EXERCISE DATA

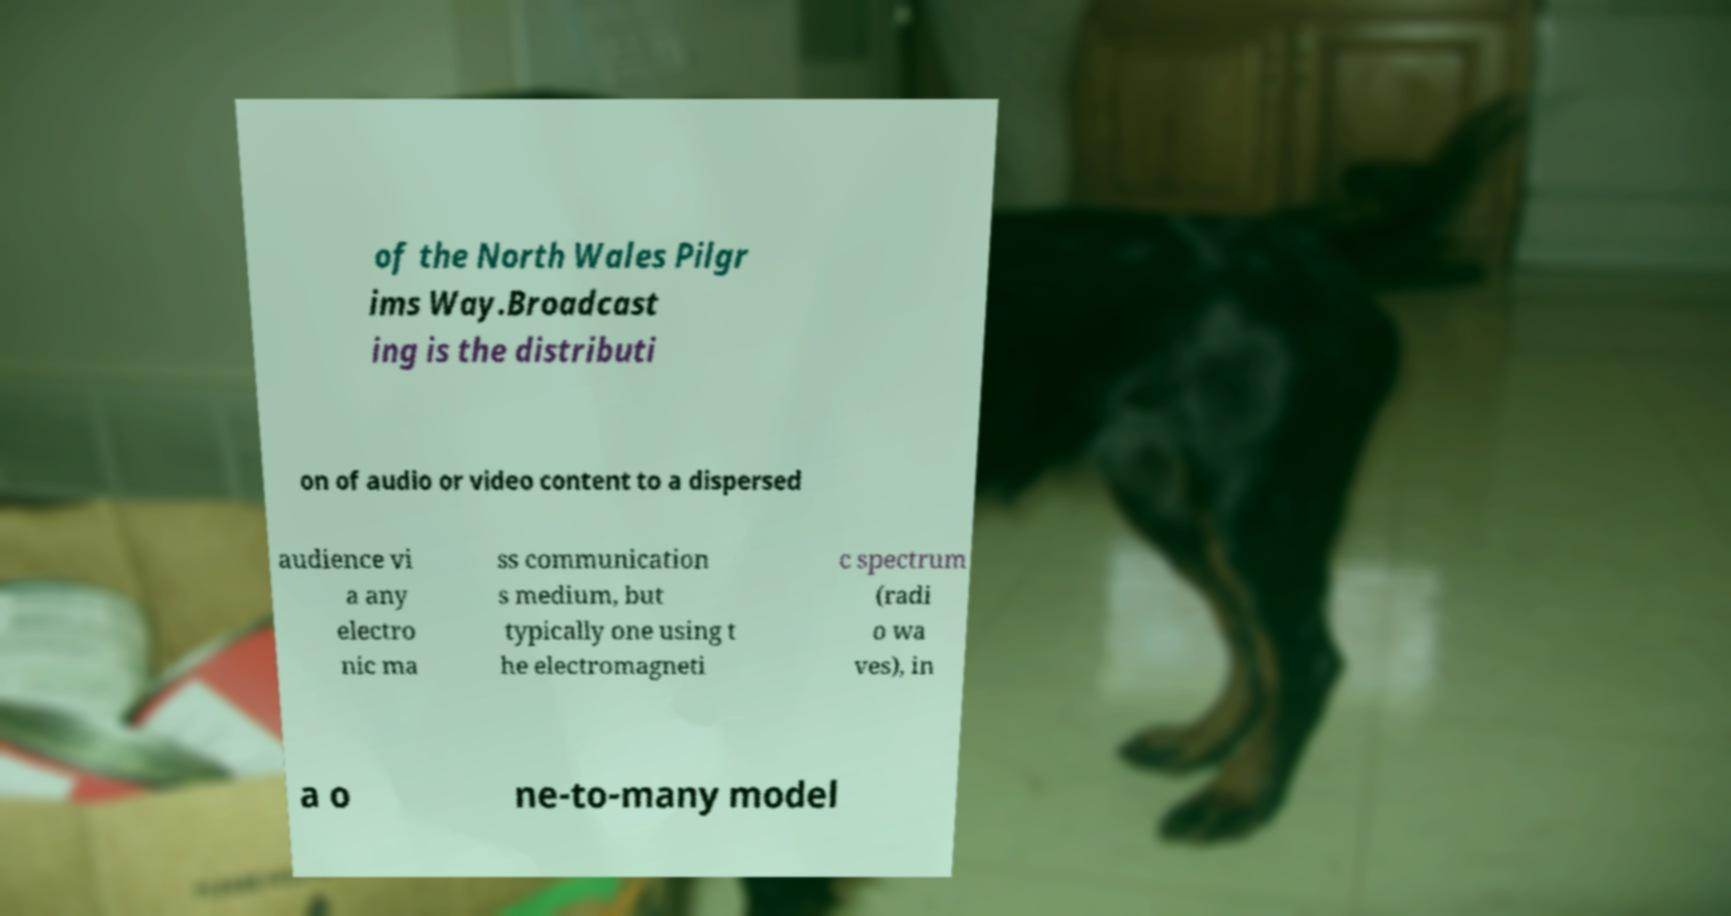Can you accurately transcribe the text from the provided image for me? of the North Wales Pilgr ims Way.Broadcast ing is the distributi on of audio or video content to a dispersed audience vi a any electro nic ma ss communication s medium, but typically one using t he electromagneti c spectrum (radi o wa ves), in a o ne-to-many model 
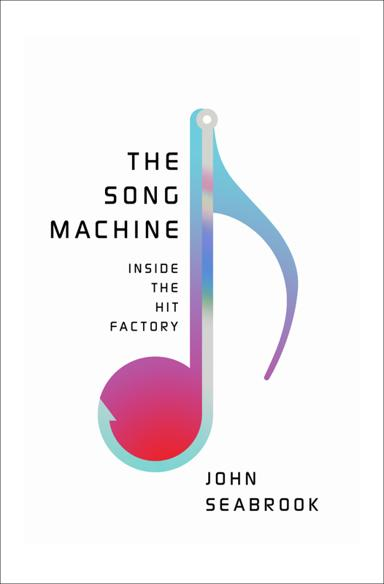What is the title and author of the book mentioned in the image? The book depicted in the image is titled 'The Song Machine: Inside the Hit Factory,' authored by John Seabrook. The cover features a stylized musical note, indicating its thematic focus on the music industry. 
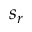Convert formula to latex. <formula><loc_0><loc_0><loc_500><loc_500>s _ { r }</formula> 
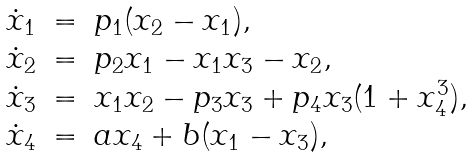Convert formula to latex. <formula><loc_0><loc_0><loc_500><loc_500>\begin{array} { l l l } \dot { x } _ { 1 } & = & p _ { 1 } ( x _ { 2 } - x _ { 1 } ) , \\ \dot { x } _ { 2 } & = & p _ { 2 } x _ { 1 } - x _ { 1 } x _ { 3 } - x _ { 2 } , \\ \dot { x } _ { 3 } & = & x _ { 1 } x _ { 2 } - p _ { 3 } x _ { 3 } + p _ { 4 } x _ { 3 } ( 1 + x ^ { 3 } _ { 4 } ) , \\ \dot { x } _ { 4 } & = & a x _ { 4 } + b ( x _ { 1 } - x _ { 3 } ) , \end{array}</formula> 
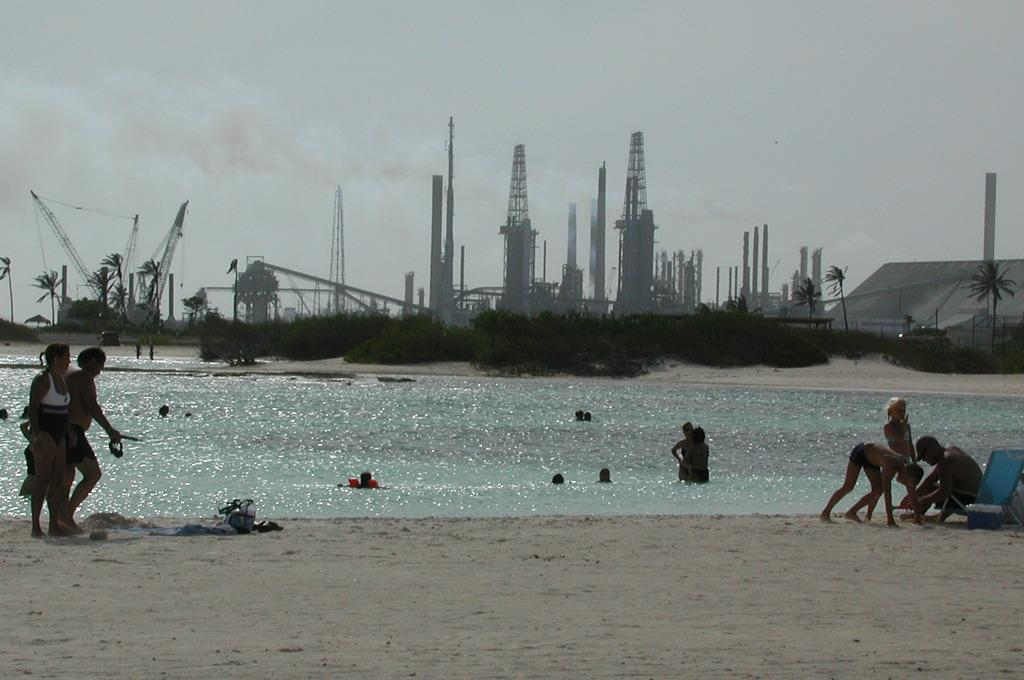What type of location is depicted in the image? There is a beach in the image. What are the people in the image doing? Two persons are walking on the beach, two persons are sitting and playing on the beach, and some people are swimming in the water. What can be seen in the background of the image? There is a group of trees visible in the image. What type of advertisement can be seen on the beach in the image? There is no advertisement present in the image; it depicts a beach scene with people and trees. Can you tell me where the bed is located in the image? There is no bed present in the image; it features a beach setting with people and trees.

INSTRUCTIONS TO FOLLOW
Your task is to repeat the listing exactly while omitting its pictures.

OUTPUT FOR THIS TASK
Can you accurately transcribe the text from the provided image for me? of the North Wales Pilgr ims Way.Broadcast ing is the distributi on of audio or video content to a dispersed audience vi a any electro nic ma ss communication s medium, but typically one using t he electromagneti c spectrum (radi o wa ves), in a o ne-to-many model 
What is the title and author of the book mentioned in the image? The book depicted in the image is titled 'The Song Machine: Inside the Hit Factory,' authored by John Seabrook. The cover features a stylized musical note, indicating its thematic focus on the music industry. 
Convert formula to latex. <formula><loc_0><loc_0><loc_500><loc_500>s _ { r }</formula> 
Convert formula to latex. <formula><loc_0><loc_0><loc_500><loc_500>\begin{array} { l l l } \dot { x } _ { 1 } & = & p _ { 1 } ( x _ { 2 } - x _ { 1 } ) , \\ \dot { x } _ { 2 } & = & p _ { 2 } x _ { 1 } - x _ { 1 } x _ { 3 } - x _ { 2 } , \\ \dot { x } _ { 3 } & = & x _ { 1 } x _ { 2 } - p _ { 3 } x _ { 3 } + p _ { 4 } x _ { 3 } ( 1 + x ^ { 3 } _ { 4 } ) , \\ \dot { x } _ { 4 } & = & a x _ { 4 } + b ( x _ { 1 } - x _ { 3 } ) , \end{array}</formula> 
What type of location is depicted in the image? There is a beach in the image. What are the people in the image doing? Two persons are walking on the beach, two persons are sitting and playing on the beach, and some people are swimming in the water. What can be seen in the background of the image? There is a group of trees visible in the image. What type of advertisement can be seen on the beach in the image? There is no advertisement present in the image; it depicts a beach scene with people and trees. Can you tell me where the bed is located in the image? There is no bed present in the image; it features a beach setting with people and trees.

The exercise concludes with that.